Proposing this as a blocker since its an application side impact which shows incorrect usage each time on ganesha mount
Marking it as regression as the issue is not been observed with 3.3.1 ganesha bits
Clearing the needinfo as discussed over IRC
I think there's a misunderstanding. The recent patch didn't enable readdir_plus usage in Ganesha; that's been in for a while, and is a compile-time option. Instead, it enabled readdir chunk reloading using readdir_plus, if it was built in. This is also a compile-time option, and can't be disabled. Disabling readdir_plus on the cluster won't change ganesha's behavior at all; it will still call the readdir_plus() API, and will still reload chunks using that API. I tested by commenting out FSAL/FSAL_GLUSTER/main.c:75 and this fixed du for me, so it's somehow related to the chunk reloading. I'll try and debug.
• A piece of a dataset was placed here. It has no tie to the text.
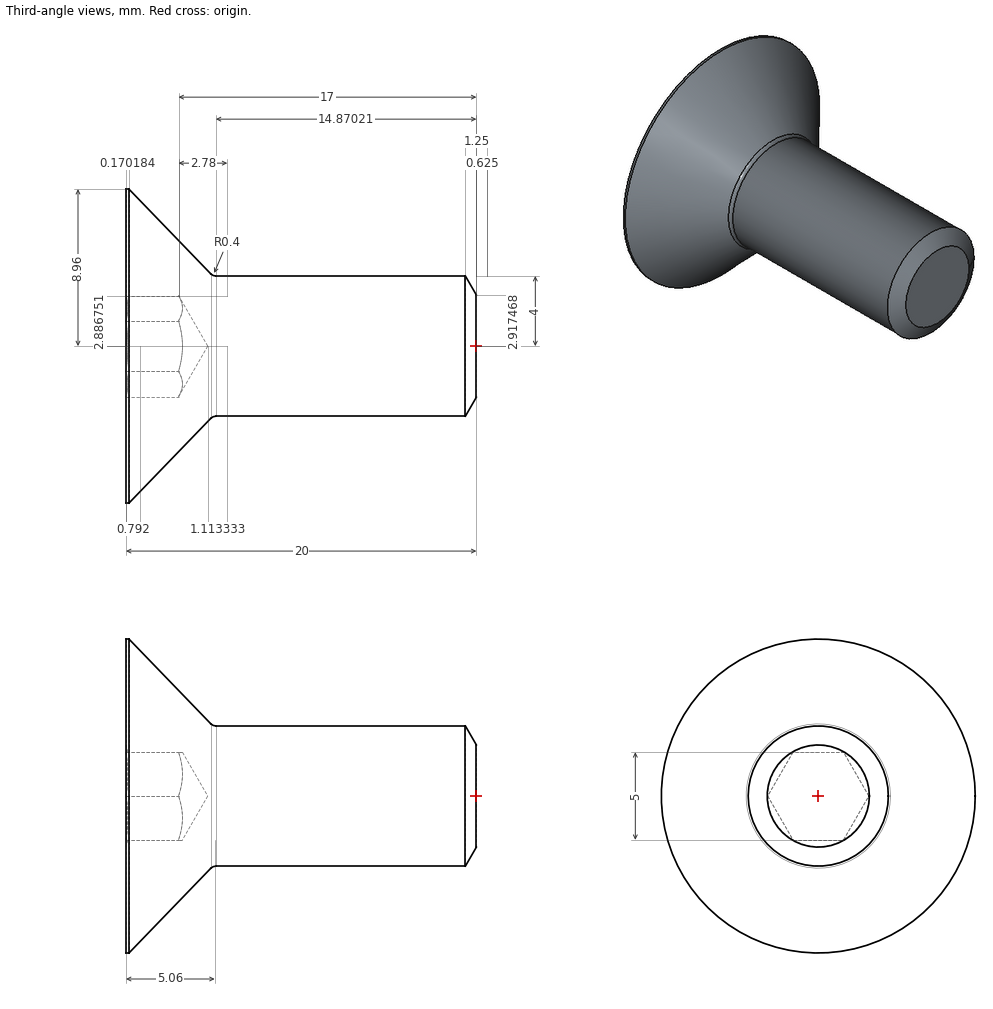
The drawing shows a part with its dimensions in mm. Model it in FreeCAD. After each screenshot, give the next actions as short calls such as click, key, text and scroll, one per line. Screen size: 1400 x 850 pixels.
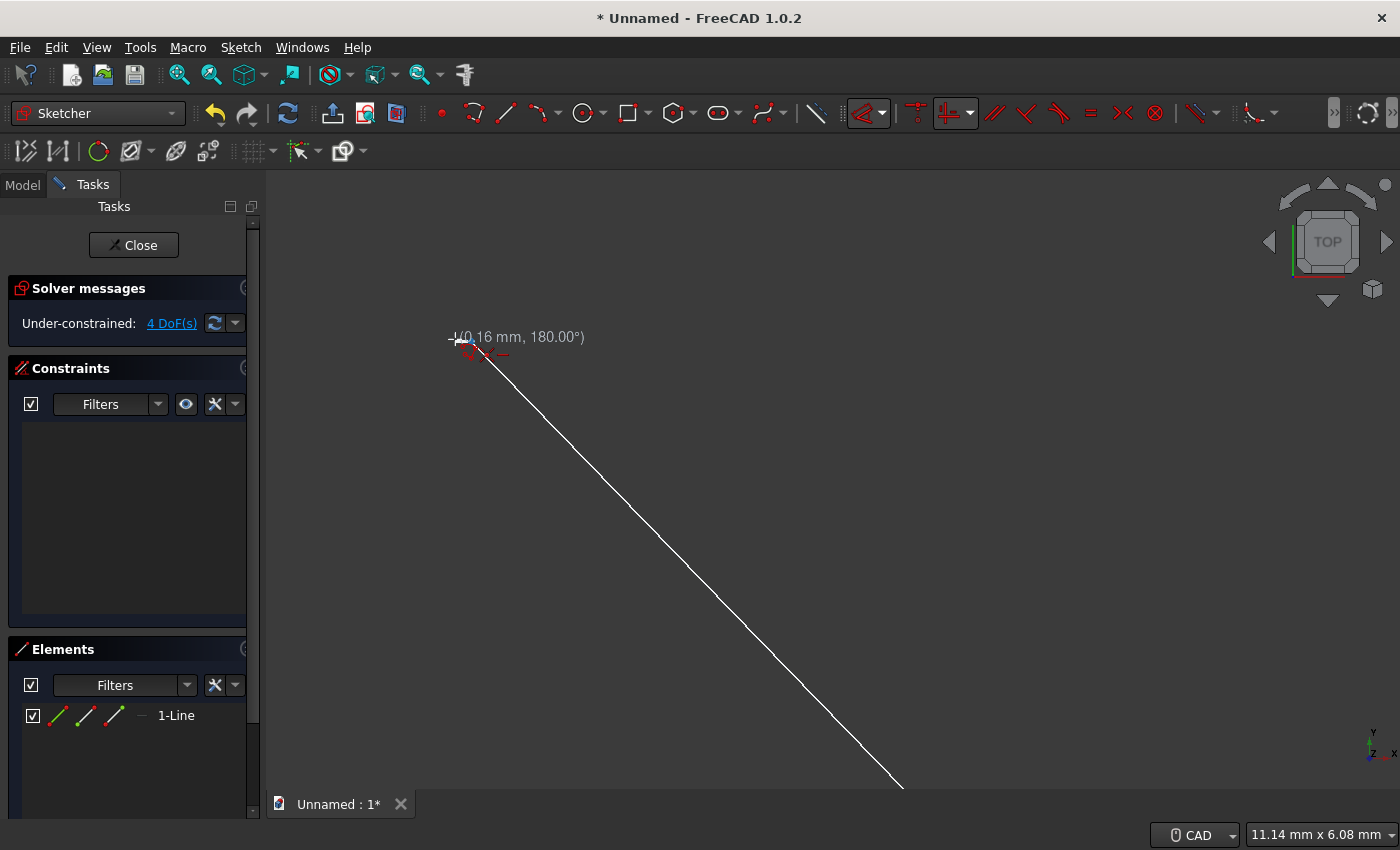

So this (and bug #1613890) are caused by the readdir_plus chunking changes, somehow. It seems, in my limited testing, that Gluster is returning different dirents for the same readdir offsets on subsequent readdirs. That is, it's re-ordering dirents in a directory with no directory mutations. I'm not positive of this yet, but if this is the case, then the readdir_plus chunking optimization cannot be used with gluster. My time is limited this week, so I won't be able to work on this until next week.
Bug #1558974 is also likely the same issue
Update on this issue. This is from the POSIX definition for seekdir: The seekdir() function shall set the position of the next readdir() operation on the directory stream specified by dirp to the position specified by loc. The value of loc should have been returned from an earlier call to telldir() using the same directory stream. The new position reverts to the one associated with the directory stream when telldir() was performed. If the value of loc was not obtained from an earlier call to telldir(), or if a call to rewinddir() occurred between the call to telldir() and the call to seekdir(), the results of subsequent calls to readdir() are unspecified. From this, it's clear to me that d_off (which is not defined in POSIX, but is defined on Linux as the value that telldir() would return at that point in the directory stream) is not required to be stable across directory streams. Currently, Ganesha uses a separate directory stream for each readdir call. This clearly works on Linux and Ceph, but is technically a violation of POSIX. This is not something we can fix, either in Ganesha or in Gluster, in the very short timeframe for 3.4, so readdir chunking will have to be disabled for this release. A proper fix can be done and, if necessary, backported.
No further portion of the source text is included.